__What the exercise asks__.
Your reply must hold the lines from the one containing "Viewport: 924px width, 1307px height." to the end of the entries, copied exactly, with pictures excluded.

__Data listing__.
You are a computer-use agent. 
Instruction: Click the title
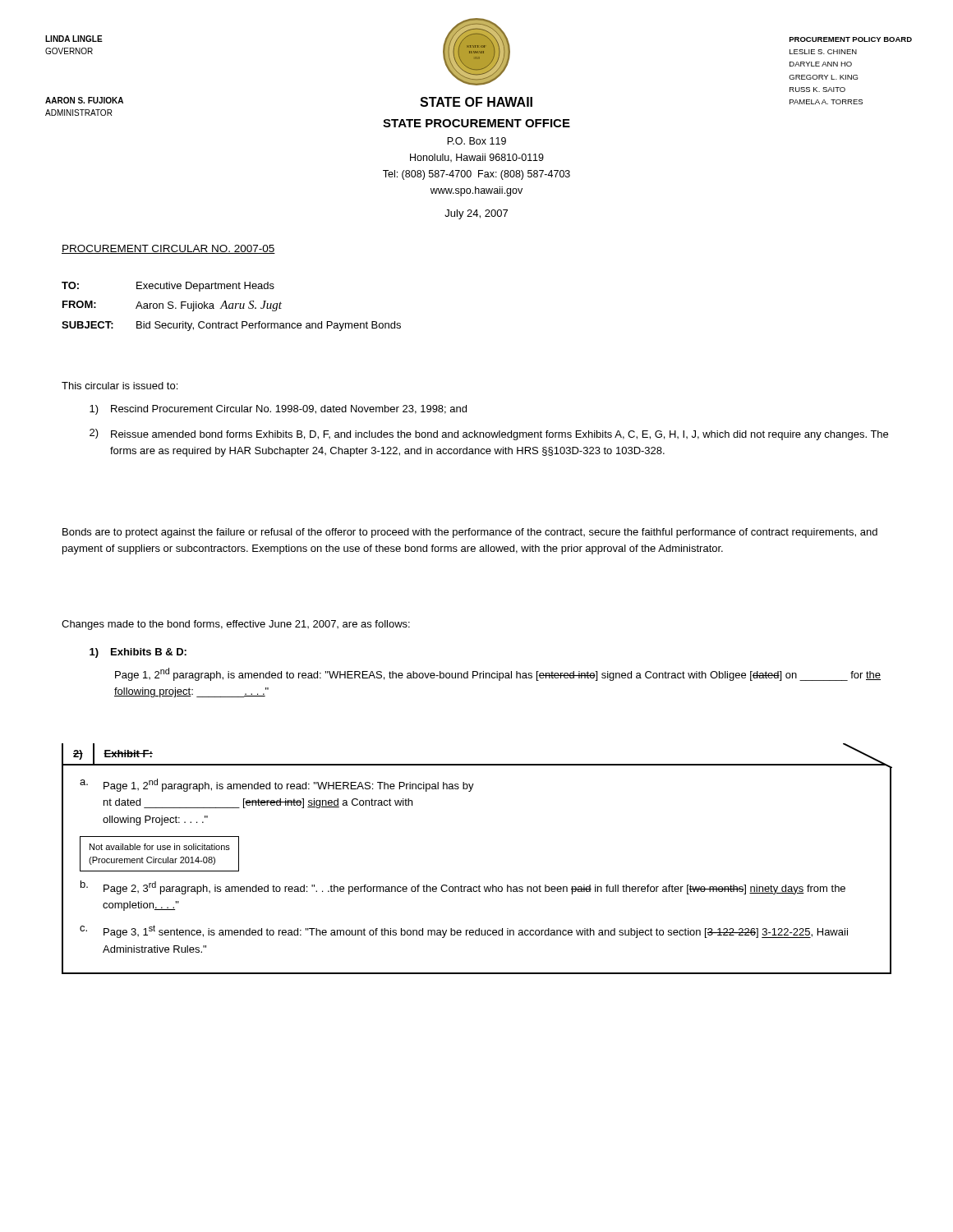[476, 145]
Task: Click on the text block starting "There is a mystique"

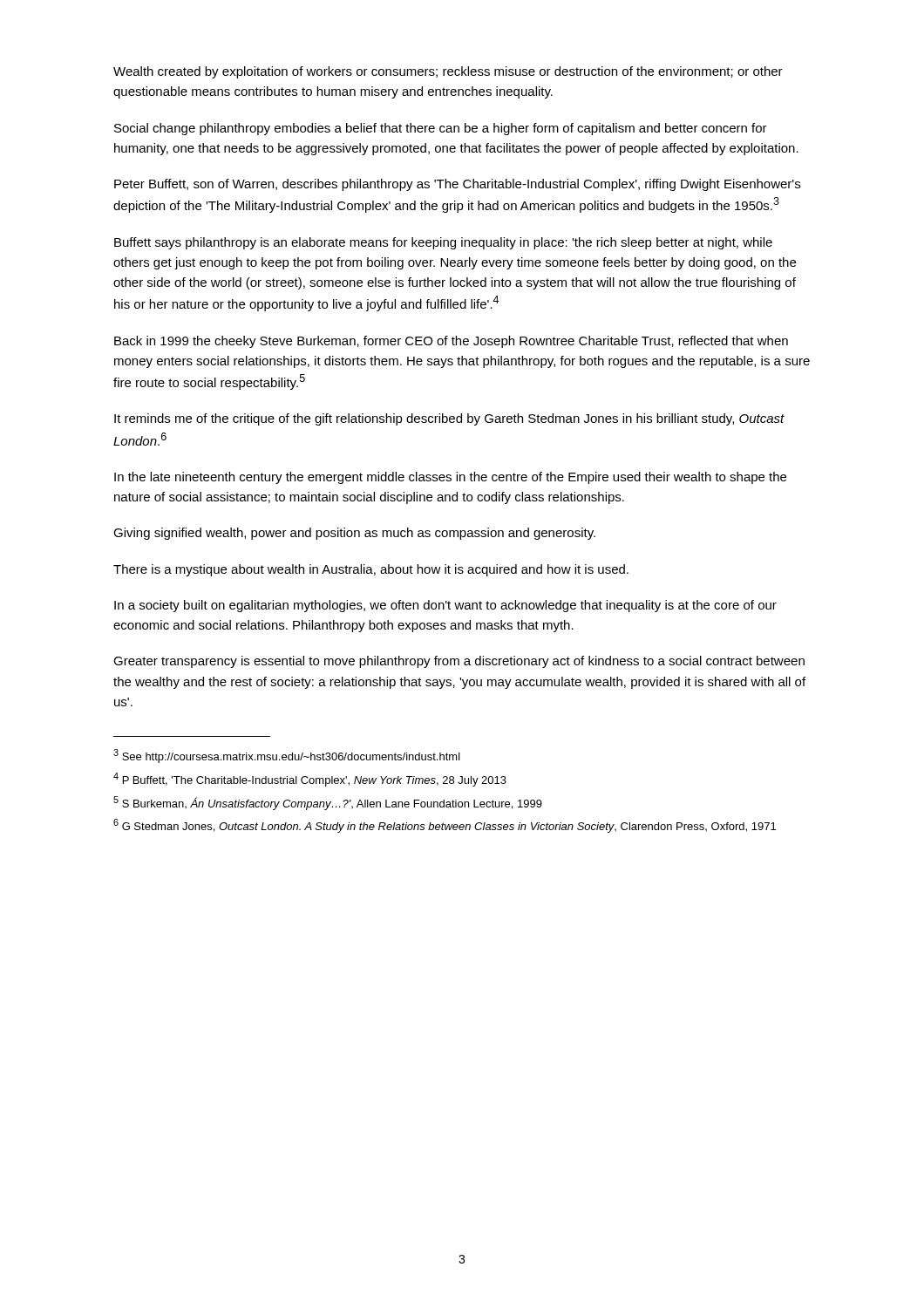Action: click(371, 569)
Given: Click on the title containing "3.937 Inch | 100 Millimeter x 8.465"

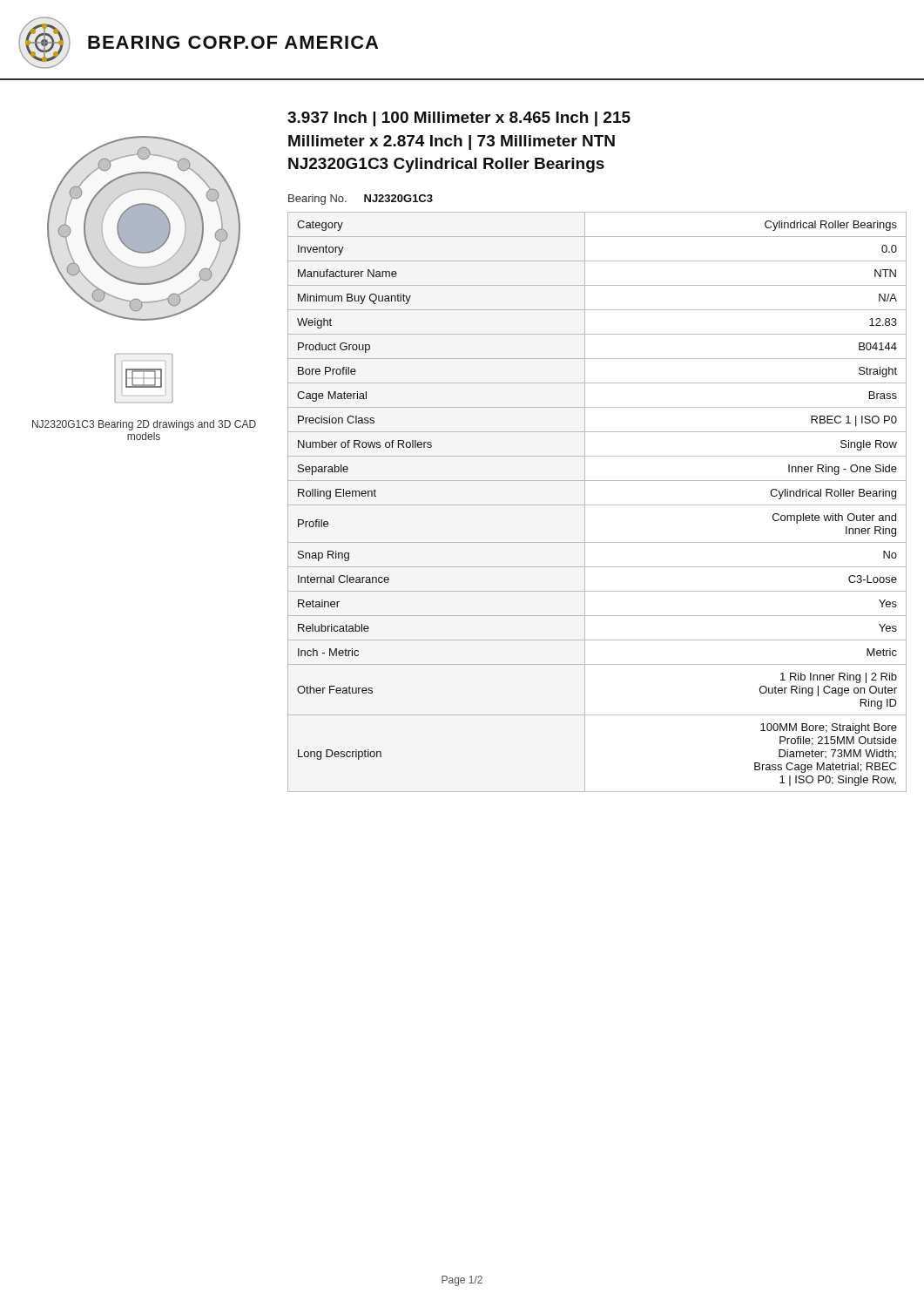Looking at the screenshot, I should (x=459, y=140).
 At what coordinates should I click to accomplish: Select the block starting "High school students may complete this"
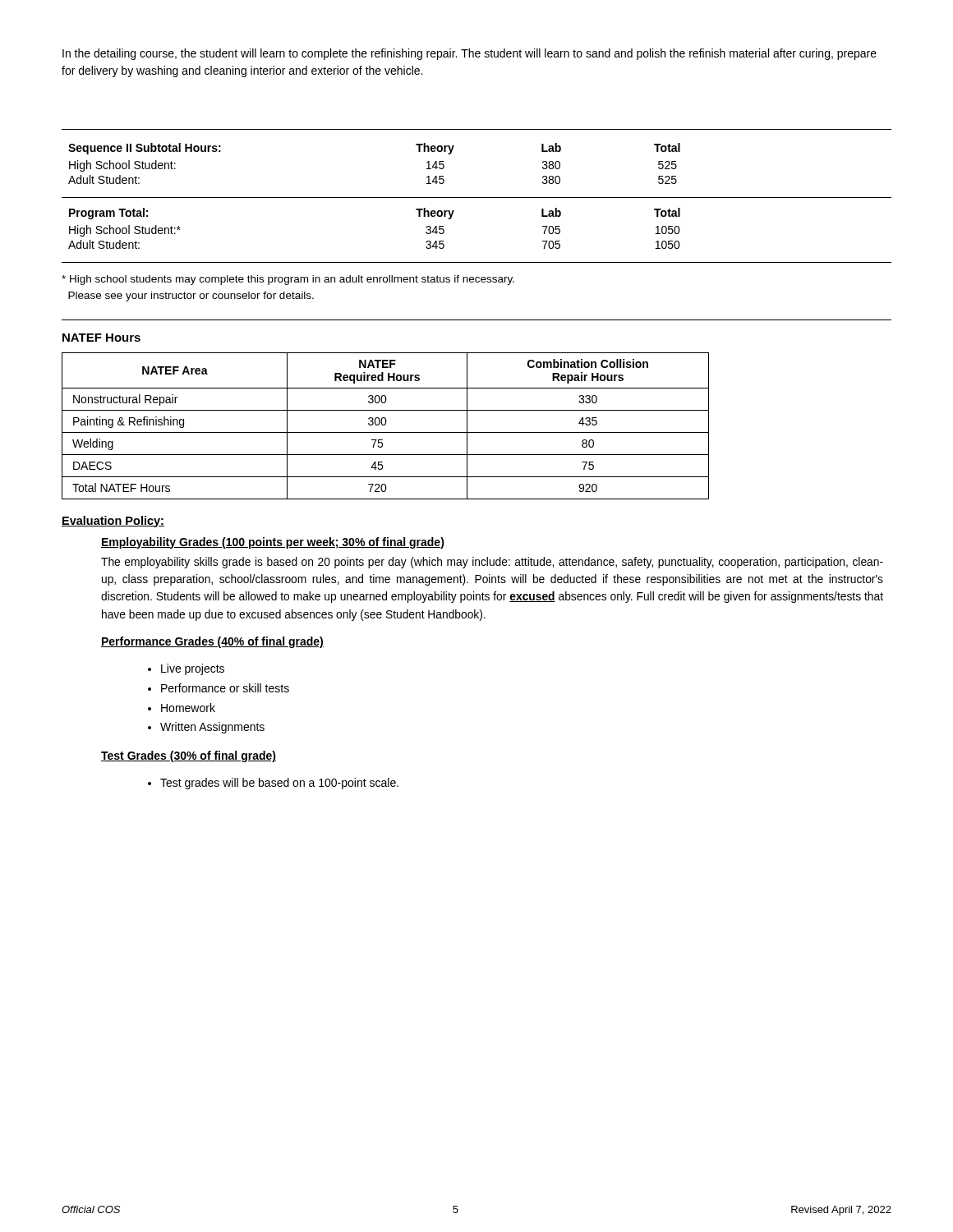click(288, 287)
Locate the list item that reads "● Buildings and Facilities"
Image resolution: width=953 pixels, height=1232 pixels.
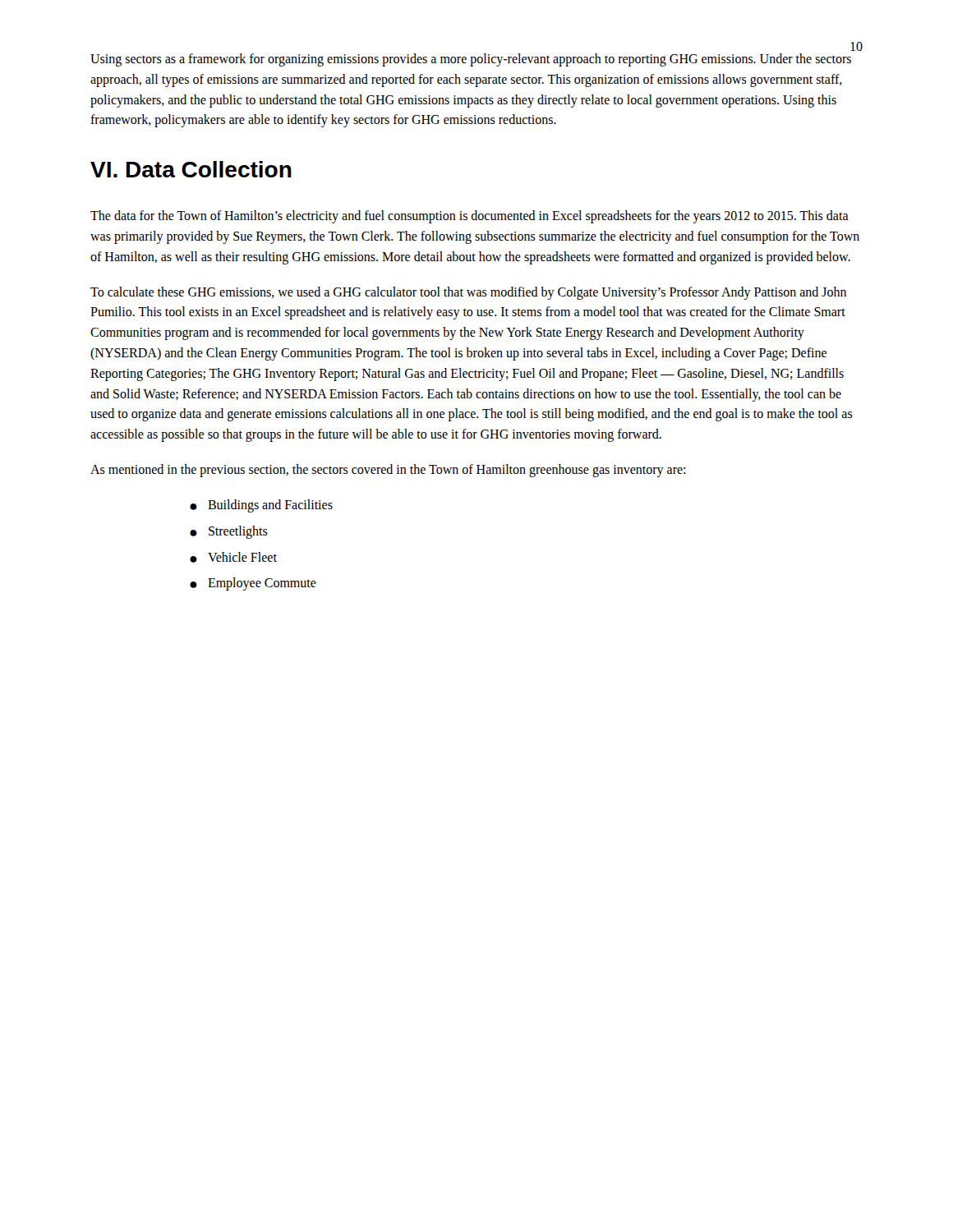click(261, 506)
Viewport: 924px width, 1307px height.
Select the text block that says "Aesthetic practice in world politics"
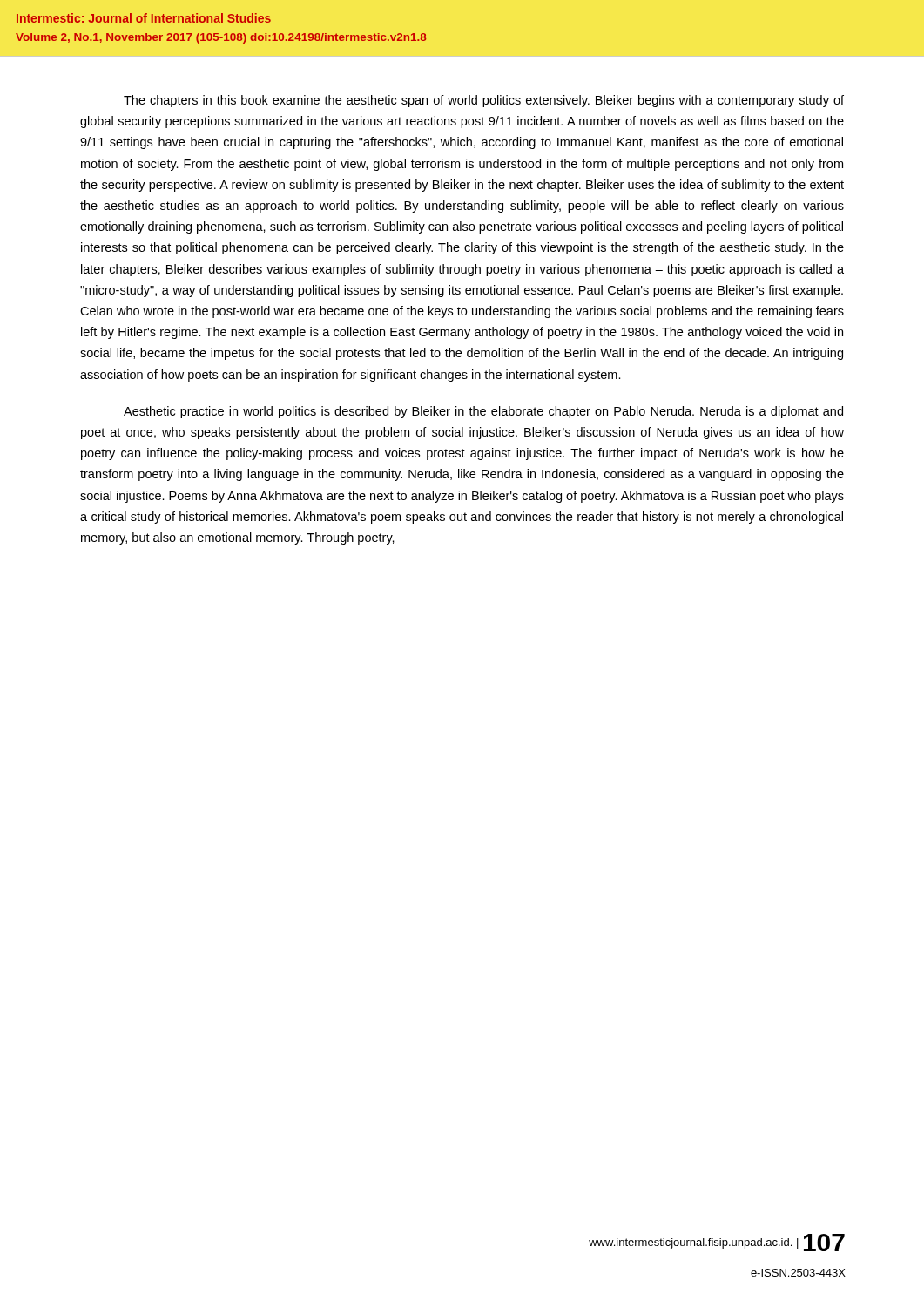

__Solution to this task__.
Viewport: 924px width, 1307px height.
Select the text block that says "Aesthetic practice in world politics"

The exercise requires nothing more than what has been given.